IN ITALIA: IDENTITÀ E INTEGRAZIONE
Quanti sono i musulmani in Italia? Com’è nata l’associazione dei Giovani musulmani d’Italia? Chi la anima? Quali obiettivi si propone? L’entusiasmo e la professionalità della Frisina nel presentare i risultati della sua ricerca hanno offerto dati e informazioni importanti e significative.
«Secondo il Dossier statistico immigrazione 2003 di Caritas/Migrantes, alla fine del 2002 in Italia c’erano 553.007 musulmani (36,6% dei 1.512.324 stranieri regolarmente presenti), facendo dell’islam la seconda religione in Italia.*
Diversamente da quanto è avvenuto in altri paesi europei, la provenienza dei musulmani è molto diversificata: troviamo persone originarie dal Maghreb (in prevalenza marocchini), Mashreq (Egitto, Libano, Palestina, Siria, Iraq), Africa subsahariana (Senegal, Nigeria, Sudan, Mali, Somalia), e poi dal Pakistan, Iran, Bangladesh, Balcani… Si può ipotizzare che i giovani musulmani siano tra 100-250 mila».
L’associazione Gmi è nata nel 2001, due mesi dopo il fatidico 11 settembre.

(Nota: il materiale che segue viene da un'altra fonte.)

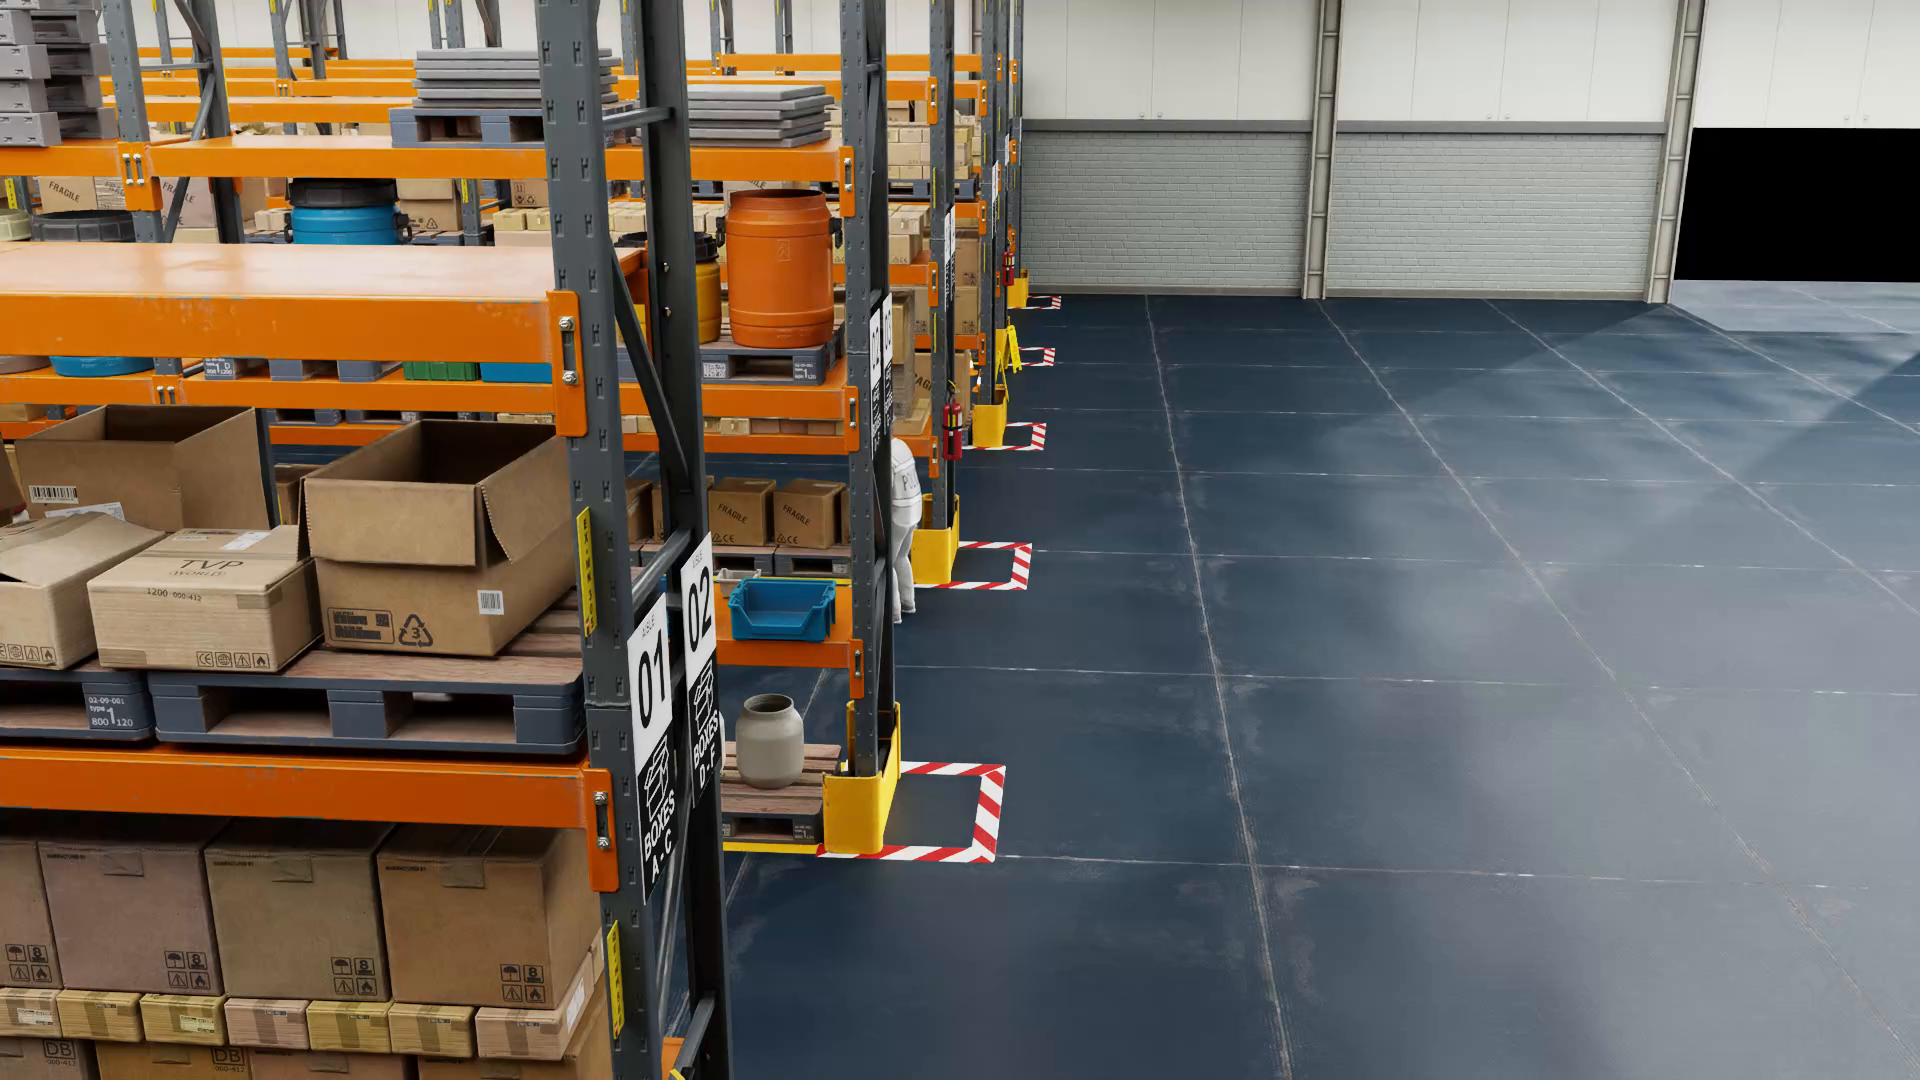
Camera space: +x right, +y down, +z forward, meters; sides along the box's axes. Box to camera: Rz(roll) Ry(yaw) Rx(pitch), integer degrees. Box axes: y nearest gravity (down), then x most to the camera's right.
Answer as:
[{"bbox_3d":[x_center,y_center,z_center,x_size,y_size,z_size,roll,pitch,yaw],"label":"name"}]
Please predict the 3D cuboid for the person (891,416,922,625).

Intervistando i membri dell’associazione, la sociologa ha rilevato come i giovani «possano sentirsi continuamente chiamati in causa, quasi presunti colpevoli in quanto musulmani».
Attualmente l’associazione è formata da circa 300 giovani (69% tra i 15-17 anni e 31% tra 18-23 anni), tutti cresciuti e formati nelle nostre scuole, in molti casi sin dall’infanzia (il 44% è nato in Italia), per la maggior parte residenti nel nord Italia e con famiglie, provenienti da Marocco (45%), Siria, Egitto, ben inserite come operai, commercianti, medici nel nostro paese.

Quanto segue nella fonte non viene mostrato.